On July 16, 2013 the German Diabetes Center (DDZ), a partner in the DZD, will open a new institute – the Institute for Beta Cell Biology. In this organizational unit under the direction of Prof. Dr. Eckhard Lammert, research on beta cells at the DDZ will be accorded the status of an institute.

In humans, beta cells regulate blood glucose by secreting insulin. According to the current state of knowledge, defects of the beta cells in the pancreas contribute significantly to the development and onset of diabetes.

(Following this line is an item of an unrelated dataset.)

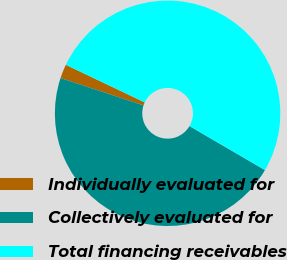<chart> <loc_0><loc_0><loc_500><loc_500><pie_chart><fcel>Individually evaluated for<fcel>Collectively evaluated for<fcel>Total financing receivables<nl><fcel>2.02%<fcel>46.66%<fcel>51.32%<nl></chart>

Research activities at the new institute, which is to open on July 16, 2013, will focus on the study of beta cells. The Institute for Beta Cell Biology evolved from the Paul Langerhans Group for Beta Cell Biology. Along with the Institute for Clinical Diabetology, the Institute for Biochemistry and Pathobiochemistry and the Institute for Biometry and Epidemiology, it shall strengthen the DDZ as interdisciplinary research institution within the DZD.
The opening event will take place in the presence of the rector of Heinrich Heine University Düsseldorf, Prof. Dr. Dr. H. Michael Piper. Prof. Dr. Michael Roden, the scientific director of the DDZ and member of the board of the DZD shall give the welcoming address. Further addresses of greeting will be given by the Dean of the Faculty of Mathematics and Natural Sciences, Prof. Dr. Christel Marian, and the Dean of the Faculty of Medicine, Prof. Dr. Joachim Windolf. Prof. Dr. Eckhard Lammert will present the orientation of the new institute and its potential relevance for persons with diabetes.
Professor Lammert (42) is a biochemist and has headed the Institute of Metabolic Physiology at the Faculty of Mathematics and Natural Sciences of Heinrich Heine University (HHU) since 2008. Since January 2012 he has been working as research group leader of the Paul Langerhans Group for Beta Cell Biology at the DDZ. Until 2008 the internationally renowned biochemist was a researcher at Harvard University and later at the Max Planck Institute for Molecular Cell Biology and Genetics. “For me it is a personal objective to find out more about beta cells,” said Lammert, who has had type 1 diabetes for 25 years. Beta cells are severely dysfunctional in type 1, type 2 and gestational diabetes. Defects of the beta cells play a key role in the pathogenesis of this common disease.